“And as I have said to him a thousand or more times through the years, ‘Well isn’t life just a kick in the pants?’ — Esther Hicks, on the recent death of her husband, Jerry. Life sucks when someone close to our hearts passed away. If you are low on income there are plenty of options to hold budget budget funerals in Brisbane including cremations with no service.

It’s an odd thing to say, isn’t it — disbelief in death. Usually people contest life after death, or concepts like reincarnation. Yet, there are people who express that there is no such thing as death. Meaning, they believe that physical death is the birthing of the soul into some higher expression of consciousness, which remains undiminished and lives on. In this higher thinking, the physical path leading to death is insignificant.

The Creation of Adam by Michelangelo

While I do experience that the soul in some guise persists after the form expires, I most definitely experience that our life as well as our physical death are highly relevant events in our soul’s growth. My reality perches on the cycles of Nature, which is comprised of seasons building and harvesting, death and rebirth. As an animistic spiritual occupant of the formed Nature realm, every season contributes something new, as does my emotional reaction to each season. Not honoring that death is part of the experience here — that it’s supposed to be — is lacking. Moreover, to expect there to be birth without death in Nature’s timing seems arrogant.

Am I’m splitting hairs? Is this just the difference between speaking literally and figuratively? Maybe. Maybe underlying such a belief is the distinction between finite physical death and spiritual infinity. Of late, though, I’ve encountered several spiritual healers, shamans, who insist that there is no such thing as death. Part of their practice hails death always as a joyful passage that should be celebrated.

To a large degree this belief is a New Age import of the “always be happy” variety. Given that context, I wonder how such healers work with grieving others. To approach death as nonexistent for yourself or your own beliefs is one thing. As a healer, to insist such to those in the midst of the emotional storm of grief baffles me. In fact, I find that treatment steeped in denial and emotional avoidance.

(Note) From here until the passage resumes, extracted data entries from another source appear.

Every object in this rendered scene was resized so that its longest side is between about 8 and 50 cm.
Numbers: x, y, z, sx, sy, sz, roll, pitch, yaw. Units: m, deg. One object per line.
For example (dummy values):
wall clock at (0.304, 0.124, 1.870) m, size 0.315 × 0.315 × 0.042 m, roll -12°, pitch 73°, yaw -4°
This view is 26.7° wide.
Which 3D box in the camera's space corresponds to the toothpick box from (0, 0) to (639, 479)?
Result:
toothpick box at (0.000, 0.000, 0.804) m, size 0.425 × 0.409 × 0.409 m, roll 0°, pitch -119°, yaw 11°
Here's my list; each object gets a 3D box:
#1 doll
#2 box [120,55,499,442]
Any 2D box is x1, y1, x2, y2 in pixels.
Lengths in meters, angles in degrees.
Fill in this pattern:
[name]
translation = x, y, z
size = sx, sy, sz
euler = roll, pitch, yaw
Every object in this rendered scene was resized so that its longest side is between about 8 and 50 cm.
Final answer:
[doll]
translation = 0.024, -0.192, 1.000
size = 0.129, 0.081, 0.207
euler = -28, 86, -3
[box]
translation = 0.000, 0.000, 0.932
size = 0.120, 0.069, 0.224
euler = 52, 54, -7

I admit, I’m wary of healers who seek a shamanic path with eyes trained only on what spirit guides say, to the detriment of acquiring skills in the pastoral counseling aspects of the shaman’s role. The human dynamic is nothing if not laced with sticky, often deeply troubling emotional states, such as grief. These emotions can’t be overlooked in the healing process any more than they can be avoided in life, itself. Talking with spirit ancestors for guidance and insight into healing is no substitute for being present and helping someone process grief after tremendous loss. Processing emotion is as essential to shamanic work as spiritual guidance. In fact, sometimes we can’t even hear the spiritual guidance until we process emotion.

Modern shaman Sandra Ingerman gives wonderful insight into moving through stages of grief in a recent article, “How to Deal With Grief.” Her approach to working with grief could be applied not just to the loss of a loved one, but to distress following any life transition.

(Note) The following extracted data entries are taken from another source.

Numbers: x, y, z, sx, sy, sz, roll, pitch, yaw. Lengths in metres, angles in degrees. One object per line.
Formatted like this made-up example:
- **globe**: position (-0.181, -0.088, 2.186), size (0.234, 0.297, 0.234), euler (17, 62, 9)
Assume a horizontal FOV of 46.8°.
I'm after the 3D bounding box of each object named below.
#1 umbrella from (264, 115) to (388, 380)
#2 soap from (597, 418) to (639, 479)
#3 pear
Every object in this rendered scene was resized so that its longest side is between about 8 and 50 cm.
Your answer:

We can only meet someone where they are. We cannot force them to be in an emotional place that they’re not, which means that in order to help them shift into a lighter state, we must possess skills that assist them in processing heavy emotions. Regardless of higher consciousness awareness of the soul’s infinite path, I see no value in complicating someone’s grief by insisting that the loss underlying it isn’t important.

Ultimately, if physical life didn’t play a significant role in the shaping of our soulstories, we wouldn’t come here. We wouldn’t do this dance through Nature’s seasons of constant progression and regression. We wouldn’t put ourselves through the emotional expanse of the human experience.

How do your beliefs about death and the soul help you cope with loss? How do they shape how you live?